Using the records below, transcribe word for word the stretch from the line that contains "How would you" through the line that contains "Could you assist", both end lines included, and nothing else.
START Information provided
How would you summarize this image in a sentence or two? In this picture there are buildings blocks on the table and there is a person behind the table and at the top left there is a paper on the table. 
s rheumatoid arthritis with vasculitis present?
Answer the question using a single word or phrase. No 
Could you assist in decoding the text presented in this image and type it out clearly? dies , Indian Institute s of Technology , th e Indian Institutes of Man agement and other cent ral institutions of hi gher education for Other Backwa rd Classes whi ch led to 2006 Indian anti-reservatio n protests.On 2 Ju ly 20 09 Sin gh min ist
END Information provided
START Information provided
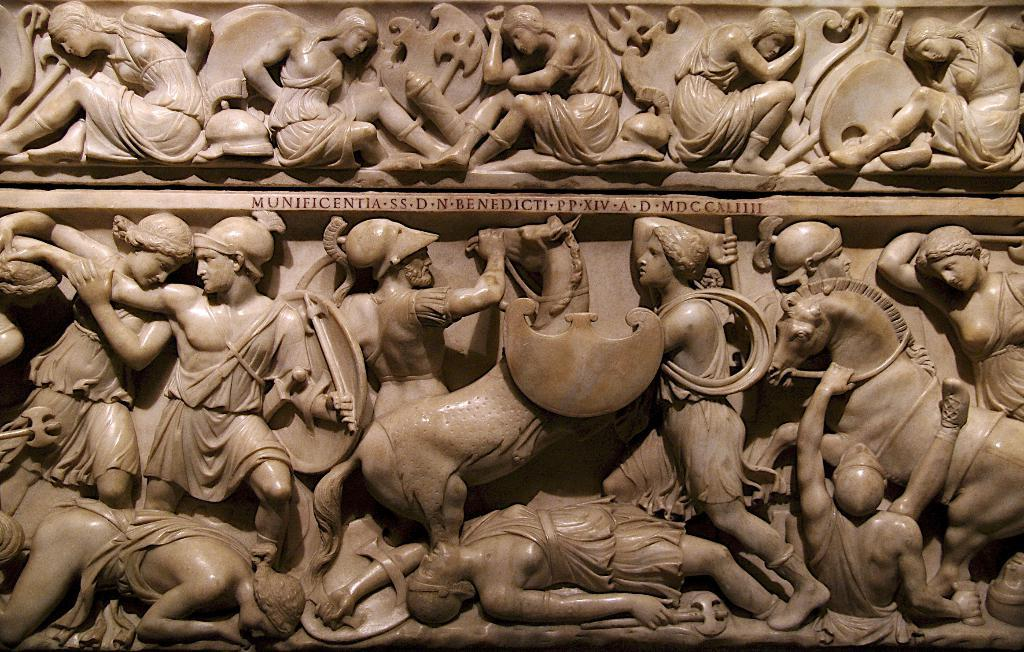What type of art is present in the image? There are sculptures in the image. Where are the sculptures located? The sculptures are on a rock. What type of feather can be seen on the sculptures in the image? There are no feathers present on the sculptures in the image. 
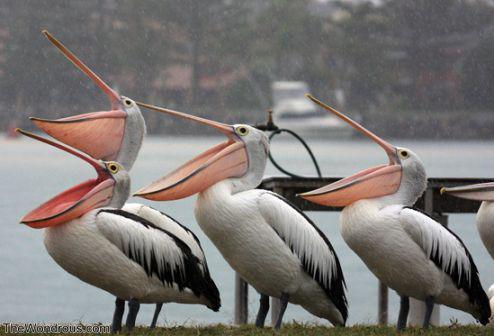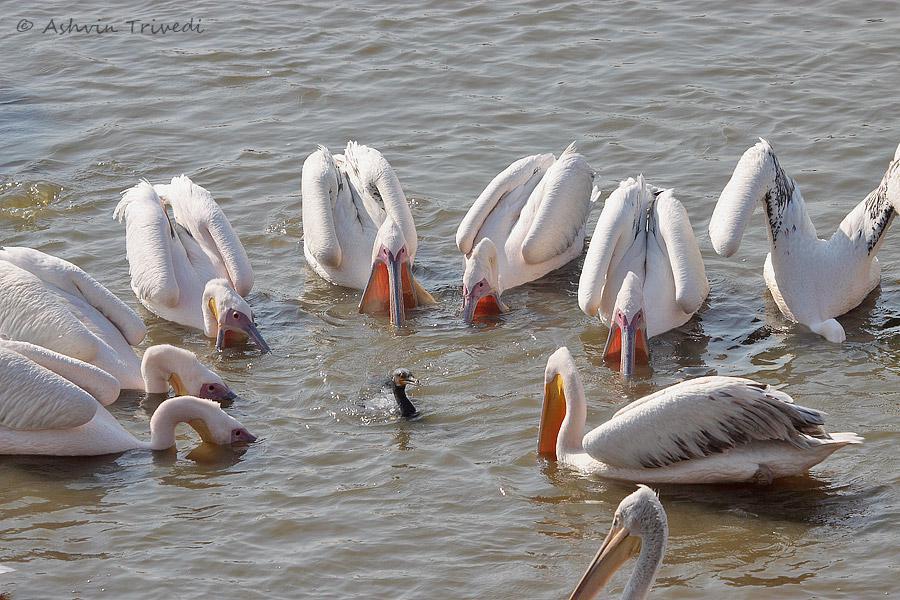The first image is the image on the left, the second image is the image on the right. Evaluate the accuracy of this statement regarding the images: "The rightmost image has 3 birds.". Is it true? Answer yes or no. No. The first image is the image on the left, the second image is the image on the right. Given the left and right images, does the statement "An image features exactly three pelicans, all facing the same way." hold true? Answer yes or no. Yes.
END Information provided
Worked solution:
How would you summarize this image in a sentence or two? In this picture there are buildings blocks on the table and there is a person behind the table and at the top left there is a paper on the table. 
s rheumatoid arthritis with vasculitis present?
Answer the question using a single word or phrase. No 
Could you assist in decoding the text presented in this image and type it out clearly? dies , Indian Institute s of Technology , th e Indian Institutes of Man agement and other cent ral institutions of hi gher education for Other Backwa rd Classes whi ch led to 2006 Indian anti-reservatio n protests.On 2 Ju ly 20 09 Sin gh min ist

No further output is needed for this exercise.